According to the search warrants that media revealed, the party officer met secretly a North Korean agent at Angkor Wat, Cambodia, in July 2017, received education in a Cambodian hideout for three days about how to form an underground group and transmit and decipher coded messages. Back in Jeju, the party officer won over two persons -- a senior member of a labor group and a farmer-activist -- and formed an underground group.

The warrants say they received instructions from North Korea until November last year to condemn President Yoon, struggle against conservative politicians, demand the suspension of US-Korea combined military exercises, and oppose the introduction of advanced US weapons to South Korea.

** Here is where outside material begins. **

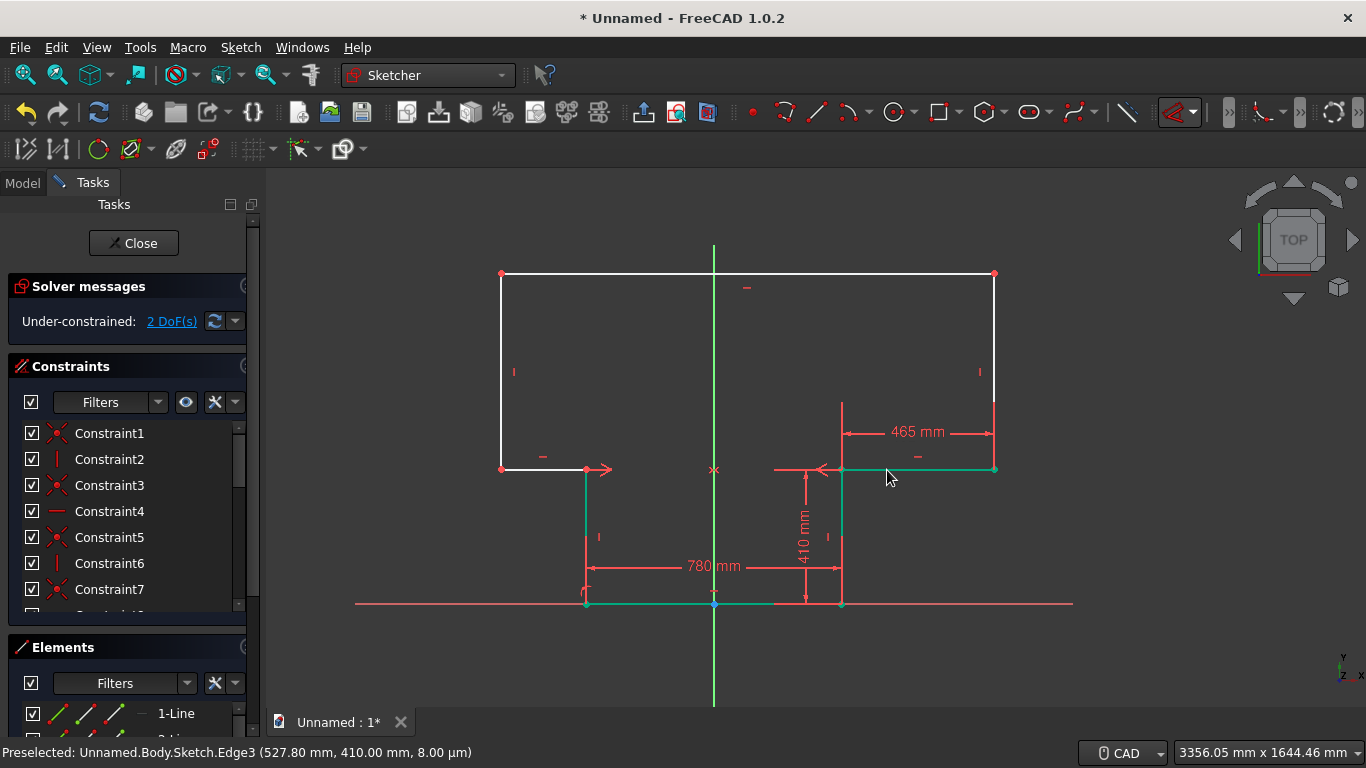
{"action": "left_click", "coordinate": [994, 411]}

They reported to Pyongyang that they had actually carried out some of the instructions.

This case is similar in method of operation to that of the North Chungcheong Comrade Party for Independent Unification uncovered in August 2021. At that time, the authorities arrested three "comrades." They contacted North Korean agents abroad, formed an underground organization in Cheongju, North Chungcheong, and instigated anti-US protests. They received directives from and made reports to North Korea in encrypted files.

What has been exposed so far may be the tip of an iceberg. The Moon Jae-in administration obsessed with making a show of peace with North Korea effectively sat on its hands in hunting down people spying for the North.

According to data compiled by the Korea Institute of Liberal Democracy, a total of 26 espionage cases were uncovered for six years from 2011 to 2017 -- about four cases a year on average, but the number dropped to three for three years from 2017 to 2020, a period when Moon was the president. Even the investigations of the three cases are said to have begun in the days of Moon's predecessor, President Park Geun-hye.

A former North Korean senior colonel who spent 30 years working his way to the top ranks of the North's spy agencies before defecting to South Korea claimed in an interview with the BBC in 2021 that North Korean operatives were playing an active role in various civil society organizations as well as important institutions in South Korea. He said that a North Korean agent was dispatched and worked at the presidential office in South Korea for five to six years and returned to North Korea in the early 1990s.

The late Hwang Jang-yop, a key architect of North Korea's juche (self-reliance) ideology who defected to South Korea in 1997, once estimated about 50,000 resident agents were secretly acting for Pyongyang in South Korea.

It would be reasonable to suspect that North Korea's spy agencies are not sitting back but maneuvering actively behind the scenes.

Under the pretext of reforming the National Intelligence Service, the Moon administration drafted a bill to transfer the service's right to chase and investigate spies acting for North Korea to the police, and the bill passed the National Assembly in December 2020.

It takes specialized investigation know-how to uncover spies and gather evidence. Counterespionage investigations often require the help of overseas intelligence networks. It differs from criminal investigations by the police. There are concerns that the government's ability to hunt down spies will weaken if the anti-communism investigation authority is handed over to the police from Jan. 1 next year. It is difficult to expect an adequate level of investigation from the inexperienced police. This must be rectified immediately.